Charge art-history majors more for their degrees than biology students? Yes, according to the new draft proposal of Gov. Rick Scott’s Florida Blue Ribbon Task Force on State Higher Education Reform. The panel proposes to keep tuition flat for degrees in “strategic areas of emphasis,” which include science, technology, engineering, and math (STEM) fields; health professions; “high demand” education fields; and (oddly) globalization; while raising it in all other areas.

This has a certain logic to it: Why waste taxpayer dollars subsidizing students who study “useless” subjects in college, like philosophy or history? Why not encourage them to go into practical fields, like science and engineering? But this proposal is misguided on multiple levels.

First, the folks pushing STEM degrees clearly haven’t talked to a lot of biology majors. Or chemists. Sure, everyone knows the petroleum engineers are raking it in. But even after Ph.D.’s, many STEM folks are stuck in postdoc hell, and midcareer, the median salary of a biology major is more than $13,000 a year less than her counterpart in political science. Heck, she even comes in almost $4,000 behind the much-maligned film major. Besides, if this is about encouraging students to go into—and I quote—“high-skill, high-demand, high-wage degrees (market determined),” why give the subsidy to STEM? Why not give it to finance majors ($23,500 above the poor biologists) or economists (almost $34,000 above)?

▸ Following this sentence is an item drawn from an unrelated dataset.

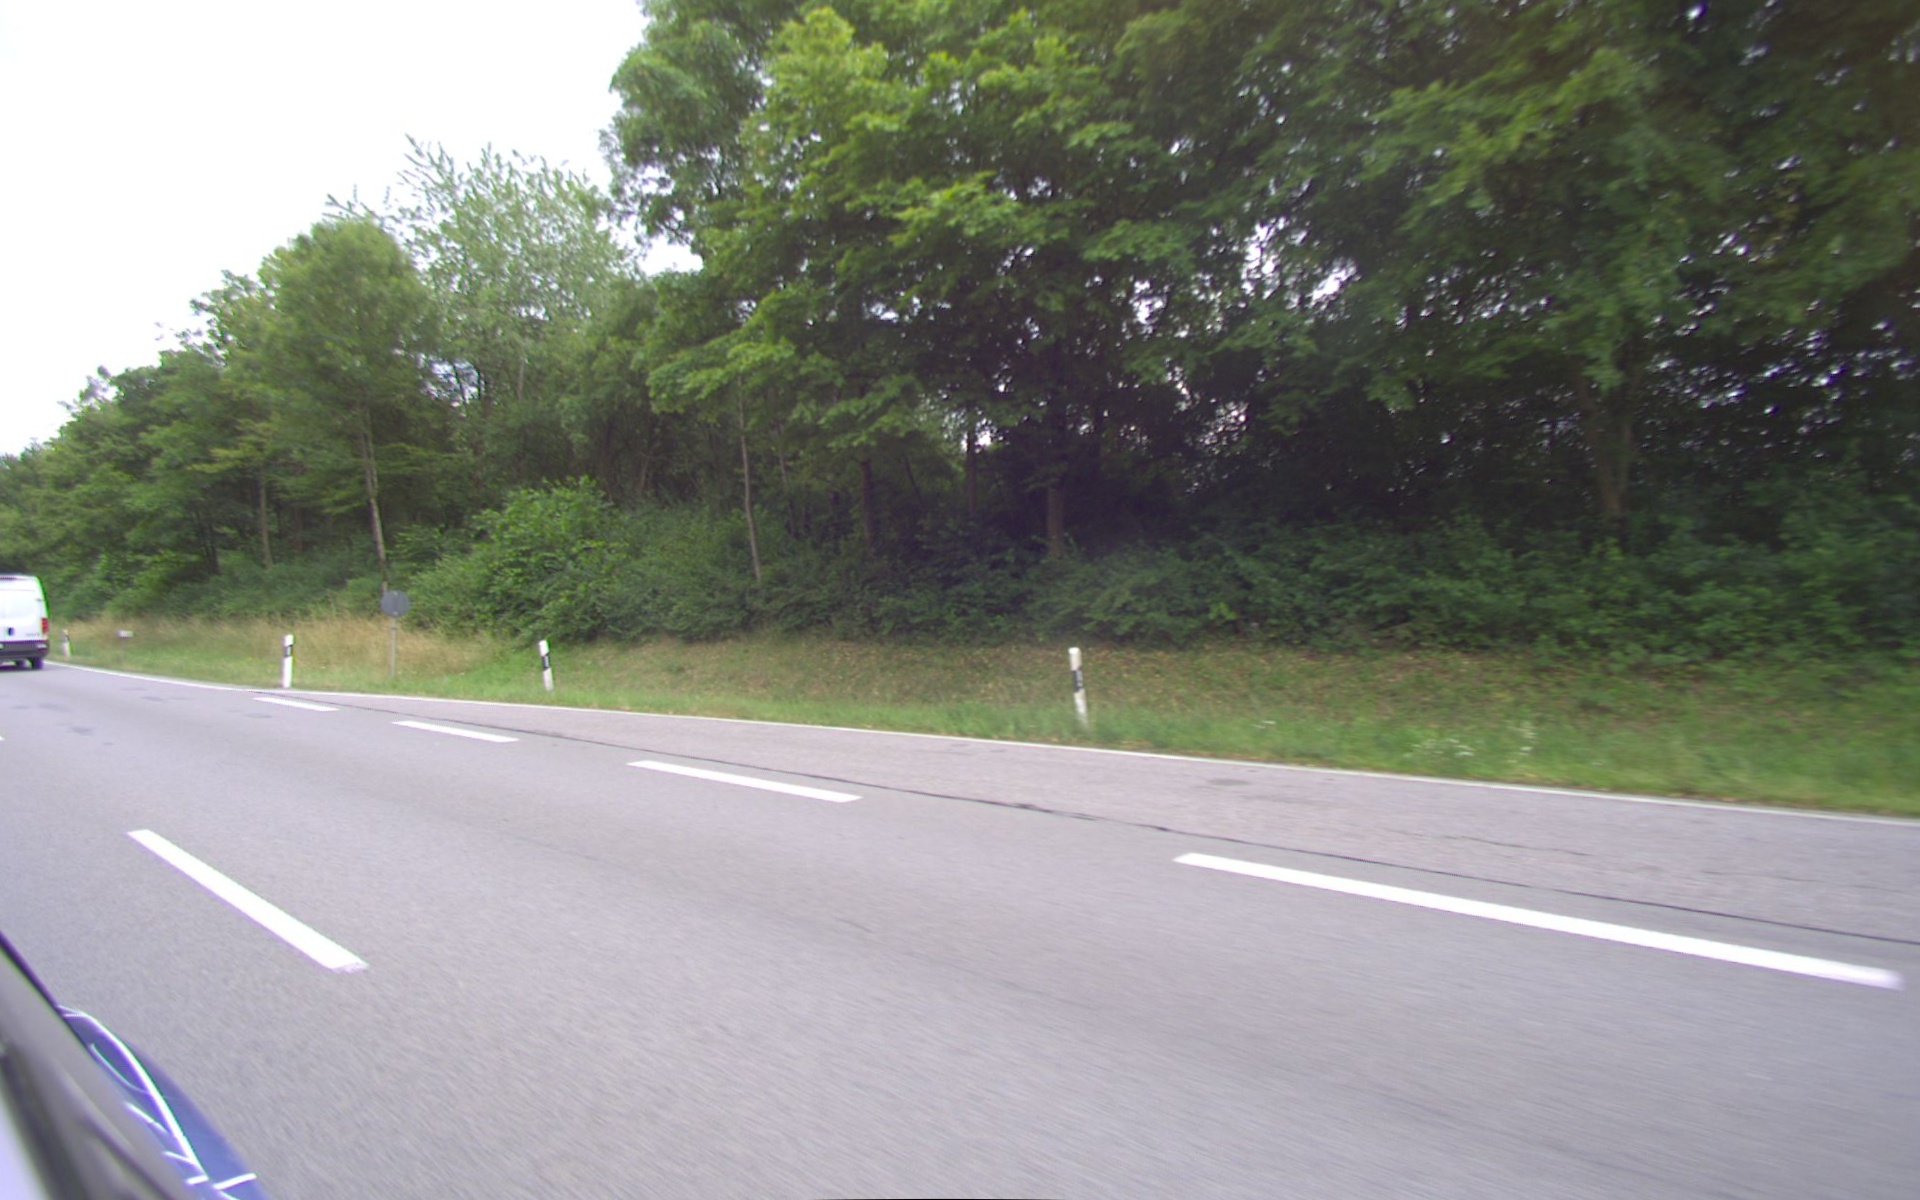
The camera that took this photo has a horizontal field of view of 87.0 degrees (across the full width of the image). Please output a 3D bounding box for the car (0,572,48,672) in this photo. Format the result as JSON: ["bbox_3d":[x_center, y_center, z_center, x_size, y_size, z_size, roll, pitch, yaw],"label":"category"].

Second, there’s no reason to think this would help Florida economically. If the state wants to align higher education with the needs of business, it should take a look at surveys of employers, who indicate, year after year, that what they most want from college grads is “the ability to effectively communicate” and “critical thinking and analytical reasoning skills”—classic hallmarks of a liberal arts education. And studies like Academically Adrift show that it’s the humanities and social sciences, as well as the natural sciences, that lead to measurable improvements in critical thinking.